**TASK BRIEF**
Exactly the lines from the one containing "rpy_deg=(roll, pitch, yaw))" through the end of the listing must make up the answer, with no pictures included.
PROVIDED INFORMATION section start
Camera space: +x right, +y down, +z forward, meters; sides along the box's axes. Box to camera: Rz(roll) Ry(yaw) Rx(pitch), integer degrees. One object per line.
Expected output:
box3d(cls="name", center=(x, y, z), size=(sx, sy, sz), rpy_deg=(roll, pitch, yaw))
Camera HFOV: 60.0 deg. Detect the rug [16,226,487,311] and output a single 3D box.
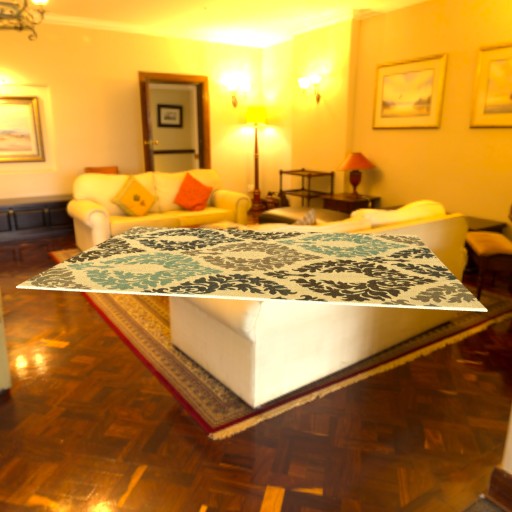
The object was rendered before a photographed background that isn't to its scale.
PROVIDED INFORMATION section end
**SOLUTION**
box3d(cls="name", center=(x, y, z), size=(sx, sy, sz), rpy_deg=(roll, pitch, yaw))
Camera HFOV: 60.0 deg. Detect the rug [16,226,487,311] and output a single 3D box.
The object was rendered before a photographed background that isn't to its scale.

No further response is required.